Markets seem to be betting that Donald Trump's fiscal largesse will be large enough to break the deflationary grip.
The financial system is clearly out of kilter. The pattern of the last 35 years is a steadily falling "natural" rate of interest, requiring ever more radical action by central banks at the trough of each cycle.
The policy elites badly misjudged the force of this 'Wicksellian' slide in the build-up to the global crisis in 2008. While the subprime saga makes for electrifying Holywood films, it was not the reason why the Western banking system collapsed.
The trigger of the crash was overly tight money. The European Central Bank raised rates into the teeth of the storm. Hawkish Fed rhetoric from March to August 2008 pushed up US borrowing costs sharply, ignoring warnings from some of their own staff that the money supply was by then imploding. Both banks under-estimated the fragility of the system.
Central bankers are more alert this time but they have not scrapped their infamous 'DSGE' models, and I suspect that political pressure - from Congress, or regional Fed banks, or from Germany - will cause them to over-tighten again. We may find that three US rate rises and even a smidgeon of ECB tapering are all it takes to detonate the next crisis.
Markets seem to be betting that Donald Trump's fiscal largesse will be large enough to break the deflationary grip. HSBC says they are "cherry-picking the good bits" from his campaign.
We do not yet know whether his infrastructure plan really exists. There will certainly be tax cuts but circumstances are nothing like the Reagan stimulus of the early 1980s when the US was coming out of recession.
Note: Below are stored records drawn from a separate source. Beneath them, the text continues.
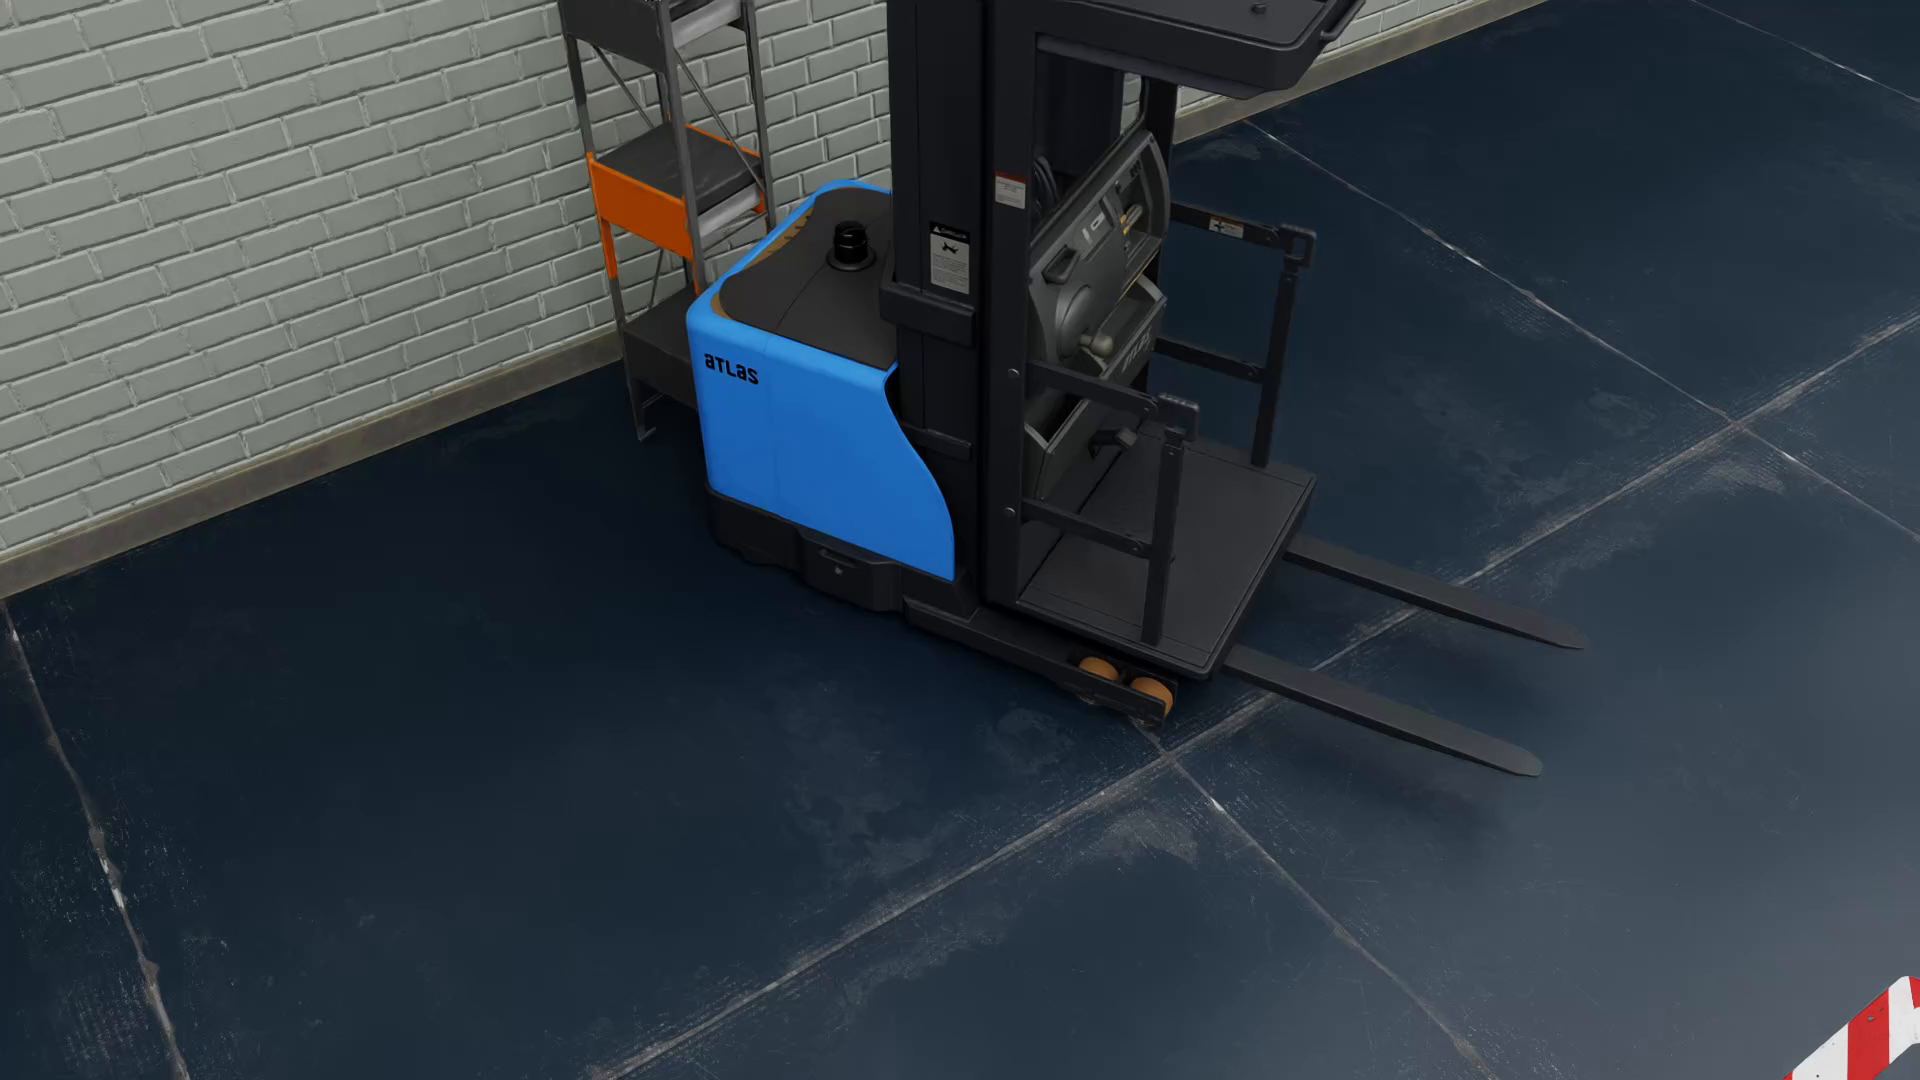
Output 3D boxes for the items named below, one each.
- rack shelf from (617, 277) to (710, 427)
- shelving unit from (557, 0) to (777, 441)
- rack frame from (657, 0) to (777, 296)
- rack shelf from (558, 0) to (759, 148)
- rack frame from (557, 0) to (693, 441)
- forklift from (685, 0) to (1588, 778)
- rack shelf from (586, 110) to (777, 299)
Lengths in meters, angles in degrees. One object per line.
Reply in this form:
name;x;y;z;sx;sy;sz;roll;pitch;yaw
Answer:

The Fed's Stanley Fischer has hinted strongly that rates will rise by 50 basis points to counter each 1pc of GDP in fiscal stimulus, given the late stage of the economic cycle and the incipient labour shortage.
The US now accounts for a much smaller share of global demand than it did over a decade ago and its high income level and ageing population mean that more than two-thirds of US consumer spending is now on services.
So either it turns out that Trump is mostly bluster - and therefore little has changed - or we get real stimulus and the Fed goes on the war path. This would push the dollar to nose-bleed levels, squeezing emerging markets until the pips squeak.
HSBC warns that Trump's 'tax holiday' for US corporate profits held overseas could make matter worse. A surge in repatriation at the wrong moment would withdrawing yet more dollar liquidity from the Asia, Latin America, and the Mid-East.
The key point is that world has changed since the Reagan era. The US is no longer the economic hegemon or buyer-of-last resort for global imports, but it is still the monetary hegemon through unprecedented levels of dollarisation.
This is a dangerous split. The global economy may face the full brunt of a dollar shock, without the trade benefits that used to offset such strong dollar episodes. This could happen even if Mr Trump resists the urge to start a few trade wars.
"The US now accounts for a much smaller share of global demand than it did over a decade ago and its high income level and ageing population mean that more than two-thirds of US consumer spending is now on services," said Janet Henry, HSBC's chief economist.
Whether you think the deflationary supercycle since 1980 has really touched bottom depends on what you think caused it in the first place. If it was a one-off shock caused by globalisation and the entry of the Communist world into the capitalist system, it will self-correct over time.
The counter view is that it stems from a deeper corrosion of monetary policy. The BIS calls it the bad habit of asymmetry: letting asset bubbles run their course, but pulling out all the stops to deal with busts. This amounts to slow intertemporal poison. It draws prosperity from the future. The trap eventually closes on central banks.
If such thinking is valid, the only way out is repudiation of debt, a jubilee of sorts. These are rarely gentle affairs.